There was the preparation of the plants from the roasting process from the skin or fruit then they crimped it, obtaining the powder and only then, apply it to the wound. Only two mentioned that also bathe the wound with an infusion of the plant in water. Two others still use the juice obtained by extracting the liquid from the plant by maceration/grinding it.

The skins [of pomegranate] I lay in the sun, when dry, I caught it and put it in the plastic bag, tie and keep it, when I need to I get, it is dry [...] it is just crimping . (Romã)

Practices such as bathing and making juice of medicinal plants were in another study18 thus revealing the popular practices, although in this study, as already mentioned, the roasting was the most common practice of the users.

We can see from the speeches, besides the care of wounds with use of medicinal plants, the people of this community, also appealed to the care of modern medicine. It is a complement of care in order to promote the improvement, especially when the wound healing delay or does not produce good results with indications of official medicine.

Because I took what the doctor gave me, Cataflan and I did not get well and the pomegranate heal it. (Aroeira)

Sometimes, it occurs the concomitant use of medicine as with the use of medicinal plants.

First you wash it with hydrogen peroxide then you wipe it, passes a cotton, wipe the wound and then put the powder [powdered pomegranate]. (Romã)
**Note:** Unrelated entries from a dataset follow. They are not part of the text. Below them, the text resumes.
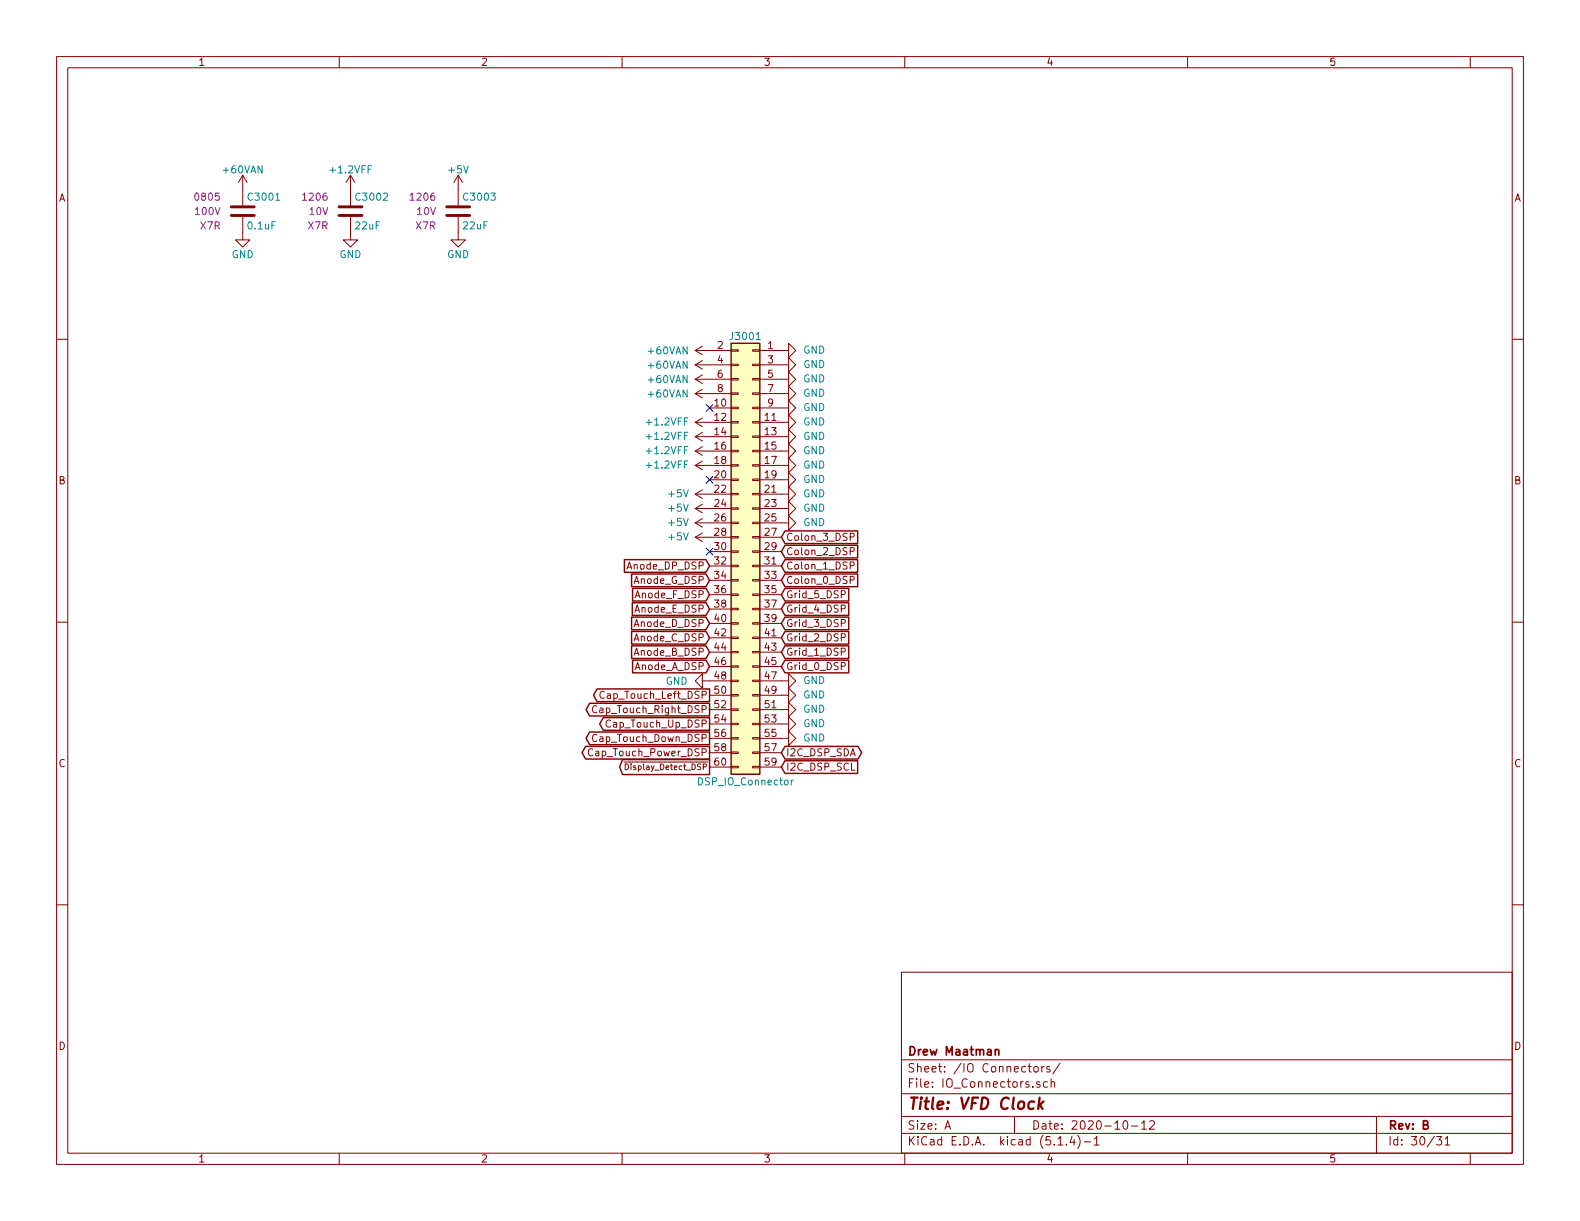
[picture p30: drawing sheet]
<svg xmlns="http://www.w3.org/2000/svg" width="279mm" height="216mm" viewBox="0 0 279 216" stroke-linecap="round" stroke-linejoin="round" font-family="sans-serif">
<defs><g id="words">
<text font-size="2.8" fill="#840000" x="160.4" y="196.2">Title: VFD Clock</text>
<g font-size="2.1" fill="#840000">
<text x="160.4" y="189.6">Sheet: /IO Connectors/</text>
<text x="160.4" y="186.6">Drew Maatman</text>
<text x="160.4" y="192.3">File: IO_Connectors.sch</text>
<text x="160.4" y="202.5">KiCad E.D.A. kicad (5.1.4)-1</text>
<text x="160.4" y="199.7">Size: A</text>
<text x="182.4" y="199.7">Date: 2020-10-12</text>
<text x="245.4" y="199.7">Rev: B</text>
<text x="245.4" y="202.5">Id: 30/31</text>
</g>
<g font-size="1.8" fill="#840000">
<text x="35" y="11.6">1</text>
<text x="85" y="11.6">2</text>
<text x="135" y="11.6">3</text>
<text x="185" y="11.6">4</text>
<text x="235" y="11.6">5</text>
<text x="10.4" y="35.6">A</text>
<text x="267.8" y="35.6">A</text>
<text x="126.9" y="61.7">2</text>
<text x="126.9" y="64.3">4</text>
<text x="135.8" y="61.7">1</text>
<text x="135.8" y="64.3">3</text>
<text x="126.4" y="71.9">10</text>
<text x="126.9" y="66.8">6</text>
<text x="126.9" y="69.3">8</text>
<text x="135.8" y="66.8">5</text>
<text x="135.8" y="69.3">7</text>
<text x="135.8" y="71.9">9</text>
<text x="126.4" y="74.4">12</text>
<text x="126.4" y="77">14</text>
<text x="135.3" y="74.4">11</text>
<text x="135.3" y="77">13</text>
<text x="126.4" y="79.5">16</text>
<text x="126.4" y="82">18</text>
<text x="135.3" y="79.5">15</text>
<text x="135.3" y="82">17</text>
<text x="10.4" y="85.6">B</text>
<text x="126.4" y="84.6">20</text>
<text x="126.4" y="87.1">22</text>
<text x="126.4" y="89.7">24</text>
<text x="135.3" y="84.6">19</text>
<text x="135.3" y="87.1">21</text>
<text x="135.3" y="89.7">23</text>
<text x="267.8" y="85.6">B</text>
<text x="126.4" y="92.2">26</text>
<text x="126.4" y="94.7">28</text>
<text x="135.3" y="92.2">25</text>
<text x="135.3" y="94.7">27</text>
<text x="139" y="95.6">Colon_3_DSP</text>
<text x="111.1" y="100.7">Anode_DP_DSP</text>
<text x="126.4" y="97.3">30</text>
<text x="126.4" y="99.8">32</text>
<text x="135.3" y="97.3">29</text>
<text x="135.3" y="99.8">31</text>
<text x="139" y="98.2">Colon_2_DSP</text>
<text x="139" y="100.7">Colon_1_DSP</text>
<text x="112.2" y="103.3">Anode_G_DSP</text>
<text x="112.5" y="105.8">Anode_F_DSP</text>
<text x="126.4" y="102.4">34</text>
<text x="126.4" y="104.9">36</text>
<text x="126.4" y="107.4">38</text>
<text x="135.3" y="102.4">33</text>
<text x="135.3" y="104.9">35</text>
<text x="135.3" y="107.4">37</text>
<text x="139" y="103.3">Colon_0_DSP</text>
<text x="139" y="105.8">Grid_5_DSP</text>
<text x="112.3" y="113.4">Anode_C_DSP</text>
<text x="112.3" y="110.9">Anode_D_DSP</text>
<text x="112.4" y="108.3">Anode_E_DSP</text>
<text x="126.4" y="110">40</text>
<text x="126.4" y="112.5">42</text>
<text x="135.3" y="110">39</text>
<text x="135.3" y="112.5">41</text>
<text x="139" y="108.3">Grid_4_DSP</text>
<text x="139" y="110.9">Grid_3_DSP</text>
<text x="139" y="113.4">Grid_2_DSP</text>
<text x="112.3" y="118.5">Anode_A_DSP</text>
<text x="112.3" y="116">Anode_B_DSP</text>
<text x="126.4" y="115.1">44</text>
<text x="126.4" y="117.6">46</text>
<text x="135.3" y="115.1">43</text>
<text x="135.3" y="117.6">45</text>
<text x="139" y="116">Grid_1_DSP</text>
<text x="139" y="118.5">Grid_0_DSP</text>
<text x="106.8" y="123.6">Cap_Touch_Left_DSP</text>
<text x="126.4" y="120.1">48</text>
<text x="126.4" y="122.7">50</text>
<text x="126.4" y="125.2">52</text>
<text x="135.3" y="120.1">47</text>
<text x="135.3" y="122.7">49</text>
<text x="135.3" y="125.2">51</text>
<text x="105.2" y="131.2">Cap_Touch_Down_DSP</text>
<text x="105.5" y="126.1">Cap_Touch_Right_DSP</text>
<text x="107.6" y="128.7">Cap_Touch_Up_DSP</text>
<text x="126.4" y="127.8">54</text>
<text x="126.4" y="130.3">56</text>
<text x="135.3" y="127.8">53</text>
<text x="135.3" y="130.3">55</text>
<text x="10.4" y="135.6">C</text>
<text x="104.7" y="133.7">Cap_Touch_Power_DSP</text>
<text x="126.4" y="132.8">58</text>
<text x="126.4" y="135.4">60</text>
<text x="135.3" y="132.8">57</text>
<text x="135.3" y="135.4">59</text>
<text x="139" y="133.7">I2C_DSP_SDA</text>
<text x="139" y="136.3">I2C_DSP_SCL</text>
<text x="267.8" y="135.6">C</text>
<text x="10.4" y="185.6">D</text>
<text x="267.8" y="185.6">D</text>
<text x="35" y="205.5">1</text>
<text x="85" y="205.5">2</text>
<text x="135" y="205.5">3</text>
<text x="185" y="205.5">4</text>
<text x="235" y="205.5">5</text>
</g>
<g font-size="1.8" fill="#840084">
<text x="34.7" y="35.5">0805</text>
<text x="53.7" y="35.5">1206</text>
<text x="72.8" y="35.5">1206</text>
<text x="34.6" y="38">100V</text>
<text x="35.5" y="40.6">X7R</text>
<text x="54.5" y="40.6">X7R</text>
<text x="54.8" y="38">10V</text>
<text x="73.6" y="40.6">X7R</text>
<text x="73.8" y="38">10V</text>
</g>
<g font-size="1.8" fill="#008484">
<text x="39.6" y="30.7">+60VAN</text>
<text x="44.1" y="35.5">C3001</text>
<text x="58.6" y="30.7">+1.2VFF</text>
<text x="63.1" y="35.5">C3002</text>
<text x="79.4" y="30.7">+5V</text>
<text x="82.2" y="35.5">C3003</text>
<text x="43.9" y="40.6">0.1uF</text>
<text x="62.9" y="40.6">22uF</text>
<text x="82" y="40.6">22uF</text>
<text x="41" y="45.6">GND</text>
<text x="60" y="45.6">GND</text>
<text x="79.1" y="45.6">GND</text>
<text x="114.7" y="62.7">+60VAN</text>
<text x="114.7" y="65.2">+60VAN</text>
<text x="129.3" y="60.1">J3001</text>
<text x="142" y="62.5">GND</text>
<text x="142" y="65.1">GND</text>
<text x="114.7" y="67.7">+60VAN</text>
<text x="114.7" y="70.3">+60VAN</text>
<text x="142" y="67.6">GND</text>
<text x="142" y="70.2">GND</text>
<text x="114.5" y="75.2">+1.2VFF</text>
<text x="114.5" y="77.8">+1.2VFF</text>
<text x="142" y="72.7">GND</text>
<text x="142" y="75.2">GND</text>
<text x="142" y="77.8">GND</text>
<text x="114.5" y="80.3">+1.2VFF</text>
<text x="114.5" y="82.9">+1.2VFF</text>
<text x="142" y="80.3">GND</text>
<text x="142" y="82.9">GND</text>
<text x="118.3" y="87.9">+5V</text>
<text x="142" y="85.4">GND</text>
<text x="142" y="87.9">GND</text>
<text x="118.3" y="90.5">+5V</text>
<text x="118.3" y="93">+5V</text>
<text x="118.3" y="95.6">+5V</text>
<text x="142" y="90.5">GND</text>
<text x="142" y="93">GND</text>
<text x="117.7" y="121.1">GND</text>
<text x="142" y="121">GND</text>
<text x="142" y="123.5">GND</text>
<text x="142" y="128.6">GND</text>
<text x="142" y="131.1">GND</text>
<text x="142" y="126">GND</text>
<text x="123.7" y="138.9">DSP_IO_Connector</text>
</g>
<text font-size="1.4" fill="#840000" x="111.4" y="136.1">Display_Detect_DSP</text>
</g></defs>
<g fill="none" stroke="#840000" stroke-width=".18">
<path d="M10 10h259.4v195.9h-259.4zM12 12h255.4v191.9h-255.4zM60 10v2M110 10v2M160 10v2M210 10v2M260 10v2M42.9 38.4v4h1.3l-1.3 1.3-1.2-1.3h1.2M42.9 31v5.3M42.9 31l-.7 1.3M42.9 31l.8 1.3M62 38.4v4h1.2l-1.2 1.3-1.3-1.3h1.3"/>
<path d="M62 31l-.8 1.3M62 31v5.3M62 31l.7 1.3M81 38.4v4h1.3l-1.3 1.3-1.2-1.3h1.2M81 31l-.7 1.3M81 31v5.3M81 31l.8 1.3M10 60h2M267.4 60h2M122.9 62h6.4M122.9 62l1.3 .7M122.9 67.1h6.4"/>
<path d="M122.9 67.1l1.3 .7M122.9 69.6h6.4M122.9 69.6l1.3 .8M122.9 74.7l1.3 .7M122.9 74.7h6.4M122.9 77.2l1.3 .8M122.9 77.2h6.4M122.9 79.8l1.3 .7M122.9 79.8h6.4M122.9 64.5h6.4M122.9 64.5l1.3 .8M124.2 61.2l-1.3 .8"/>
<path d="M124.2 66.3l-1.3 .8M124.2 68.8l-1.3 .8M124.2 73.9l-1.3 .8M124.2 76.5l-1.3 .7M124.2 79l-1.3 .8M124.2 63.8l-1.3 .7M125.5 72.1h3.8M129.3 72h1.3v.3h-1.3zM129.3 69.5h1.3v.2h-1.3zM129.3 66.9h1.3v.3h-1.3zM129.3 64.4h1.3v.2h-1.3zM129.3 61.8h1.3v.3h-1.3z"/>
<path d="M129.3 79.6h1.3v.3h-1.3zM129.3 77.1h1.3v.2h-1.3zM129.3 74.5h1.3v.3h-1.3zM133.1 72h1.3v.3h-1.3zM133.1 69.5h1.3v.2h-1.3zM133.1 66.9h1.3v.3h-1.3zM133.1 64.4h1.3v.2h-1.3zM133.1 61.8h1.3v.3h-1.3zM133.1 79.6h1.3v.3h-1.3zM133.1 77.1h1.3v.2h-1.3zM133.1 74.5h1.3v.3h-1.3zM134.4 79.8h5v-1.3l1.3 1.3-1.3 1.2v-1.2"/>
<path d="M134.4 67.1h5v-1.3l1.3 1.3-1.3 1.2v-1.2M134.4 69.6h5v-1.3l1.3 1.3-1.3 1.3v-1.3M134.4 72.1h5v-1.2l1.3 1.2-1.3 1.3v-1.3M134.4 74.7h5v-1.3l1.3 1.3-1.3 1.2v-1.2M134.4 77.2h5v-1.3l1.3 1.3-1.3 1.3v-1.3M134.4 62h5v-1.3l1.3 1.3-1.3 1.2v-1.2M134.4 64.5h5v-1.3l1.3 1.3-1.3 1.3v-1.3M122.9 87.4l1.3 .7M122.9 87.4h6.4M122.9 89.9l1.3 .8M122.9 89.9h6.4M122.9 82.3l1.3 .8"/>
<path d="M122.9 82.3h6.4M122.9 92.5l1.3 .7M122.9 92.5h6.4M122.9 95l1.3 .8M122.9 95h6.4M124.2 86.6l-1.3 .8M124.2 89.2l-1.3 .7M124.2 81.5l-1.3 .8M124.2 91.7l-1.3 .8M124.2 94.2l-1.3 .8M125.5 84.8h3.8M125.5 97.5h3.8"/>
<path d="M129.3 99.9h1.3v.3h-1.3zM129.3 94.9h1.3v.2h-1.3zM129.3 92.3h1.3v.3h-1.3zM129.3 89.8h1.3v.2h-1.3zM129.3 87.2h1.3v.3h-1.3zM129.3 97.4h1.3v.3h-1.3zM129.3 84.7h1.3v.3h-1.3zM129.3 82.2h1.3v.2h-1.3zM133.1 99.9h1.3v.3h-1.3zM133.1 94.9h1.3v.2h-1.3zM133.1 92.3h1.3v.3h-1.3zM133.1 89.8h1.3v.2h-1.3z"/>
<path d="M133.1 87.2h1.3v.3h-1.3zM133.1 97.4h1.3v.3h-1.3zM133.1 84.7h1.3v.3h-1.3zM133.1 82.2h1.3v.2h-1.3zM134.4 82.3h5v-1.3l1.3 1.3-1.3 1.3v-1.3M134.4 84.8h5v-1.2l1.3 1.2-1.3 1.3v-1.3M134.4 87.4h5v-1.3l1.3 1.3-1.3 1.2v-1.2M134.4 89.9h5v-1.3l1.3 1.3-1.3 1.3v-1.3M134.4 92.5h5v-1.3l1.3 1.3-1.3 1.2v-1.2M134.4 95h3.8M134.4 97.5h3.8M150.3 97.5l.7-.1v-.4l-.2-.2h-.5v1.3"/>
<path d="M150.3 94.9h.7v-.5l-.2-.1h-.5v1.3M10 110h2M125.5 100.1h3.8M125.5 102.6h3.8M125.5 105.2h3.8M125.5 107.7h3.8M125.5 110.2h3.8M125.5 112.8h3.8M125.5 115.3h3.8M125.5 117.9h3.8M129.3 102.5h1.3v.2h-1.3zM129.3 105h1.3v.3h-1.3z"/>
<path d="M129.3 107.6h1.3v.2h-1.3zM129.3 110.1h1.3v.3h-1.3zM129.3 112.6h1.3v.3h-1.3zM129.3 115.2h1.3v.2h-1.3zM129.3 117.7h1.3v.3h-1.3zM133.1 102.5h1.3v.2h-1.3zM133.1 105h1.3v.3h-1.3zM133.1 107.6h1.3v.2h-1.3zM133.1 110.1h1.3v.3h-1.3zM133.1 112.6h1.3v.3h-1.3zM133.1 115.2h1.3v.2h-1.3zM133.1 117.7h1.3v.3h-1.3z"/>
<path d="M134.4 100.1h3.8M134.4 102.6h3.8M134.4 105.2h3.8M134.4 107.7h3.8M134.4 110.2h3.8M134.4 112.8h3.8M134.4 115.3h3.8M134.4 117.9h3.8M148.8 105.1h.6v-.5l-.1-.2h-.5v1.3M148.8 107.6h.6v-.5l-.1-.1h-.5v1.3M148.8 110.2l.6-.1v-.4l-.1-.2h-.5v1.3M148.8 112.7h.6v-.5l-.1-.1h-.5v1.2"/>
<path d="M148.8 115.3l.6-.1v-.5l-.1-.1h-.5v1.3M148.8 117.8h.6v-.5l-.1-.2h-.5v1.3M150.3 102.6l.7-.1v-.5l-.2-.1h-.5v1.3M150.3 100h.7v-.5l-.2-.1h-.5v1.2M267.4 110h2M104.8 132.5a.51 .51 0 0 0-.6 0 .51 .51 0 0 0-.2 .6 .46 .46 0 0 0 .3 .5 .46 .46 0 0 0 .5-.1M105.5 124.9a.6 .6 0 0 0-.8 .4 .6 .6 0 0 0 .6 .7l.2-.1M106.9 122.4a.5 .5 0 0 0-.7 0 .5 .5 0 0 0-.1 .6 .45 .45 0 0 0 .2 .4 .45 .45 0 0 0 .6 0M110.3 134.7h1.1M110.6 135.1a.51 .51 0 0 1 .6 .5 .51 .51 0 0 1-.6 .5zM124.1 134.7h1M124.2 125.4l.6-.1v-.4l-.6-.1v1.2"/>
<path d="M124.2 120.4v-1.3l-1.3 1.3 1.3 1.3v-1.3h5.1M125.5 122.9h3.8M125.5 125.5h3.8M125.5 128h3.8M125.5 130.6h3.8M125.5 133.1h3.8M125.5 135.6h3.8M129.3 125.3h1.3v.3h-1.3zM129.3 127.9h1.3v.2h-1.3zM129.3 130.4h1.3v.3h-1.3zM129.3 133h1.3v.2h-1.3zM129.3 135.5h1.3v.3h-1.3z"/>
<path d="M129.3 120.3h1.3v.2h-1.3zM129.3 122.8h1.3v.3h-1.3zM133.1 125.3h1.3v.3h-1.3zM133.1 127.9h1.3v.2h-1.3zM133.1 130.4h1.3v.3h-1.3zM133.1 133h1.3v.2h-1.3zM133.1 135.5h1.3v.3h-1.3zM133.1 120.3h1.3v.2h-1.3zM133.1 122.8h1.3v.3h-1.3zM134.4 128h5v-1.3l1.3 1.3-1.3 1.3v-1.3M134.4 130.6h5v-1.3l1.3 1.3-1.3 1.2v-1.2M134.4 120.4h5v-1.3l1.3 1.3-1.3 1.3v-1.3"/>
<path d="M134.4 122.9h5v-1.2l1.3 1.2-1.3 1.3v-1.3M134.4 125.5h5v-1.3l1.3 1.3-1.3 1.2v-1.2M134.4 133.1h3.8M134.4 135.6h3.8M10 160h2M267.4 160h2M159.4 171.9h108v32h-108zM159.4 197.4h108M159.4 193.4h108M159.4 187.4h108M167.1 199.7l.5-1.5 .5 1.5M167.2 199.2h.8"/>
<path d="M179.4 197.4v3M182.9 188.7l.2-.1 .4 .1v.7l-.2 .2-.4-.2zM183.9 191.3h-.4l-.2 .2 .1 .2 .5 .1v.4h-.6M184.2 188.6v1M184.7 188.6l-.5 .2M185.2 191.3h-.4l-.3 .2 .1 .6 .2 .2 .4-.1M185.6 188.6h-.3l-.2 .2 .1 .2 .4 .1v.4h-.5M185.9 191.4l.2-.1h.3l.1 1M185.9 190.8v1.5M187.5 188l-1.3 1.9M198.8 198.2h.3a.94 .94 0 0 1 0 1.5 .8 .8 0 0 1-.6-.7 .8 .8 0 0 1 .3-.8zM200.1 199.1h1.1"/>
<path d="M201.9 198.6l.4-.4v1.5M201.9 199.7h.8M203.3 198.3l.2-.1h.4l.2 .1 .1 .3-1 1.1h1M243.4 197.4v6.5M60 203.9v2M110 203.9v2M159.4 200.4h108M160 203.9v2M187.1 202.5h.8M188.6 202.3v.2M189.6 200.9l-.4 1.1h.9M189.9 201.5v1"/>
<path d="M190.6 200.8a1.71 1.71 0 0 1 0 2.2M191.7 201.9h1.2M193.5 201.4l.4-.4v1.5M193.5 202.5h.9M210 203.9v2M254 201h.9l-.4 .5 .4 .2v.6l-.2 .2-.7-.2M255.5 201.4l.5-.4v1.5M255.5 202.5h.9M260 203.9v2"/>
</g>
<path d="M183.8 194.1l-.2 2M183.9 195.3l.5 .8M184.5 194.8l-.8 .7" fill="none" stroke="#840000" stroke-width=".41"/>
<path d="M176 185.7l.2-.1h.4v1M176 185.6v1" fill="none" stroke="#840000" stroke-width=".3"/>
<path d="M40.9 38.1h4.1M40.9 36.6h4.1M59.9 38.1h4.1M59.9 36.6h4.1M79 38.1h4.1M79 36.6h4.1" fill="none" stroke="#840000" stroke-width=".51"/>
<path d="M129.3 60.7h5.1v76.2h-5.1z" fill="#ffffc2" stroke="#ffffc2" stroke-width=".18"/>
<g fill="none" stroke="#840000" stroke-width=".25">
<path d="M129.3 60.7h5.1v76.2h-5.1zM110.4 99h14.4l.7 1.1-.7 1.1h-14.4zM138.8 96.4h12.9v2.3h-12.9l-.6-1.2zM138.8 93.9h12.9v2.2h-12.9l-.6-1.1zM138.8 99h12.9v2.2h-12.9l-.6-1.1zM111.7 114.2h13.1l.7 1.1-.7 1.1h-13.1zM111.7 111.7h13.1l.7 1.1-.7 1.1h-13.1zM111.7 109.1h13.1l.7 1.1-.7 1.2h-13.1zM111.7 101.5h13.1l.7 1.1-.7 1.1h-13.1zM111.8 106.6h13l.7 1.1-.7 1.1h-13zM111.9 104h12.9l.7 1.2-.7 1.1h-12.9zM111.9 116.7h12.9l.7 1.2-.7 1.1h-12.9z"/>
<path d="M138.8 101.5h12.9v2.2h-12.9l-.6-1.1zM138.8 104h11.3v2.3h-11.3l-.6-1.1zM138.8 106.6h11.3v2.2h-11.3l-.6-1.1zM138.8 109.1h11.3v2.3h-11.3l-.6-1.2zM138.8 111.7h11.3v2.2h-11.3l-.6-1.1zM138.8 114.2h11.3v2.2h-11.3l-.6-1.1zM138.8 116.7h11.3v2.3h-11.3l-.6-1.1zM103.6 132h21.9v2.2h-21.9l-.7-1.1zM104.3 129.4h21.2v2.3h-21.2l-.7-1.1zM104.3 124.4h21.2v2.2h-21.2l-.7-1.1zM105.6 121.8h19.9v2.3h-19.9l-.6-1.2zM106.7 126.9h18.8v2.2h-18.8l-.7-1.1z"/>
<path d="M110.1 134.3h15.4v2.7h-15.4l-.5-1.4zM138.8 132h12.9l.7 1.1-.7 1.1h-12.9l-.6-1.1zM138.8 134.5h12.9v2.3h-12.9l-.6-1.2z"/>
</g>
<path d="M133.7 60h.7M139.9 137.9v.9M140.3 137.9l-.3 .1-.1 .2" fill="none" stroke="#008484" stroke-width=".18"/>
<path d="M124.9 71.5l1.2 1.2M126.1 71.5l-1.2 1.2M124.9 96.9l1.2 1.2M124.9 84.2l1.2 1.2M126.1 96.9l-1.2 1.2M126.1 84.2l-1.2 1.2" fill="none" stroke="#000084" stroke-width=".18"/>
<use href="#words"/>
</svg>

The community is open to use health services, as an ally. What is necessary is interaction between conventional therapy with the popular practice of health care. This association is still incipient, and needs to be encouraged, as well in a study that observed that “the service is still centralized in biological and biomedical models of health and disease, which compromises the recovery of the biopsychosocial needs of individuals results”20:116.

This association is positive for the community, since they diversify care options with the wounds and the local culture is valued, creating economically viable opportunities for disadvantaged sections, as well as promoting the interest and the use of health services2.21.

I use what the doctor gives me because he knows more than me (laughs) He studied and I have nothing! (Carobinha)

Everyone says that has bacteria [...] then we have to use the pharmacy [...]. (Barbatimão)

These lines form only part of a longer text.